Avant-Garde Art and The Romance Novels

by | August 9, 2014 |

In a previous blog post, I mentioned how romance novelists and avant-garde artists are at opposite ends of a numbers spectrum.[1] The number of people writing romance novels, novellas and/or short stories is huge. The number of avant-garde artists is small. If the number of people doing anything is more than small, then they can’t be ‘avant,’ that is, ahead of the curve. They’re in the curve. By the numbers and thus by definition, it would seem that the romance novel cannot qualify as a form of avant-garde art.

Romance novelists and avant-garde artists also presumably differ in the extent of the cultural impacts of their productions.

The impact of avant-garde art might not be felt in the general public for decades. For instance, the auto-destructive art movement that followed in the wake of World War II didn’t find popular appeal until The Who came along over twenty years later and started destroying their instruments on stage to the delight of their audiences.[2]

By way of contrast, the impact of a romance novel might be on the day it’s read. As one romance writer once said, “My goal is not to change someone’s life. It’s to change her afternoon.”

This statement has a light-hearted modesty. It also bears examining because of that modesty and the rather darker emotional place it arises from: the interiorized negative cultural valuation of the romance novel that requires the writer to make a reduced assessment of the impact of her production. The implication is that another type of writing/art has grander aims and larger transformative possibilities. If there weren’t such an implication, the statement could not be made as it is.

By the way, I am completely sympathetic to the emotional place the romance novelist’s statement comes from. I dwelled there for many years. But I’m not there anymore, and I now ask:

1) Could not changing someone’s afternoon produce a butterfly effect, such that a small change at one moment can result in a large difference later on? A reading experience might have any sort of value to the reader. A couple hours of quiet, enjoying a story, might make a person more ready to take on the other tasks in her life, which may or may not have other payoffs down the line.
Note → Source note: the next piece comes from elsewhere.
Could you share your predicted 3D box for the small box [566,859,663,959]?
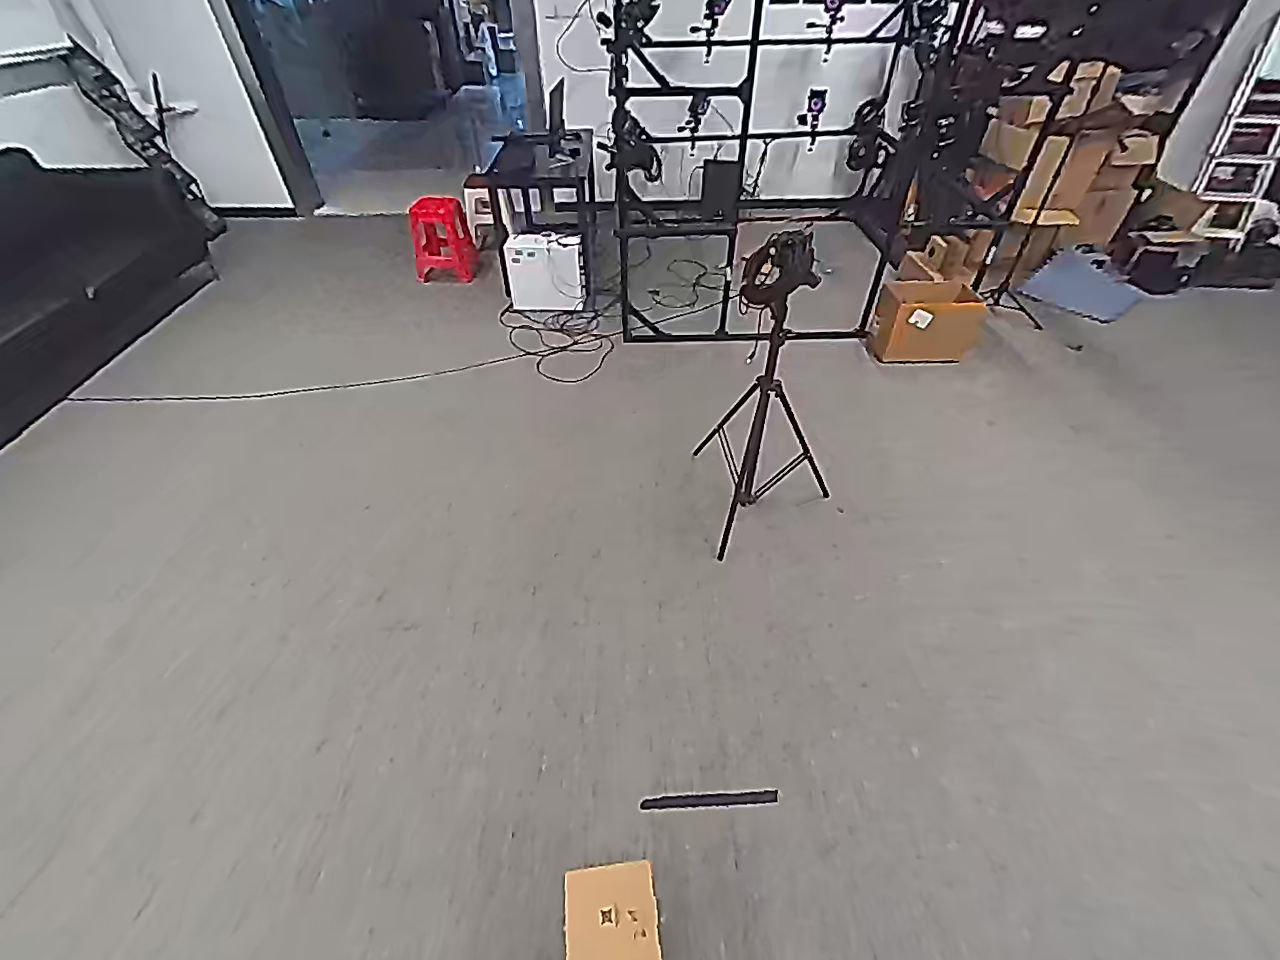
[{"bbox_3d":[-0.049,0.881,1.074,0.179,0.176,0.168,-5,44,-4],"label":"small box"}]

What I will not say is that the person has necessarily picked up a romance novel in order to escape from the humdrum of her life, the dissatisfactions with her husband, sexual frustration, etc. etc. People do all sorts of things to distract themselves from whatever causes them to seek amusement: play a video game, watch an episode of (or a binge-watch) House of Cards, drink a glass or two of wine, solve a Sudoku, read The Great Gatsby, the list is endless. It cannot be that only one literary genre bears the weight of acting as a dissatisfaction sop, while other genres serve different and/or better purposes.

2) Has The Great Gatsby ever changed anyone’s life, in the sense of ‘caused a transformative understanding of one’s self and place in the world’?

3) To what extent do artists have access to the impact their work produces in others and in the culture over time? Yes, the statements artists make about their work are relevant and often more informative about how to interpret their work than the critics’ assessments.[3] However, I would feel more comfortable about the stated goal of transforming a reader’s afternoon if Nabokov had made it about Lolita – which may accurately reflect the impact of reading Lolita in many readers’ lives. Why is it only a romance novelist feels the need to express such modesty?

Which brings me to the real question:

4) Is it out of bounds for a romance writer to be an avant-garde artist?

Another way to ask this is: What are these categories? The romance genre cannot be reduced to a flat, where all examples of it count as the same, any more than the broad category ‘modern art’ and then the narrower ‘avant-garde art’ can be reduced to a flat.

Although the literary world recognizes a category of ‘experimental fiction,’ it pays no attention to romance, and the romance industry has it own labels: Regency, paranormal, etc. Thus far no romance writer has self-identified as being in the avant-garde, but it would certainly be possible for one to understand herself as working at the leading edge of a vision that will impact other cultural forms in the future.

At the moment, I see myself in the rearguard, surveying a vast cultural landscape. I’m poised to switch perspectives.

 

[1] See The Romance Novel as an Art Form.

[2] This understanding of The Who’s concert performances comes by way of art historian, Kristine Stiles.

[3] Once again I credit Kristine Stiles for having taught me this.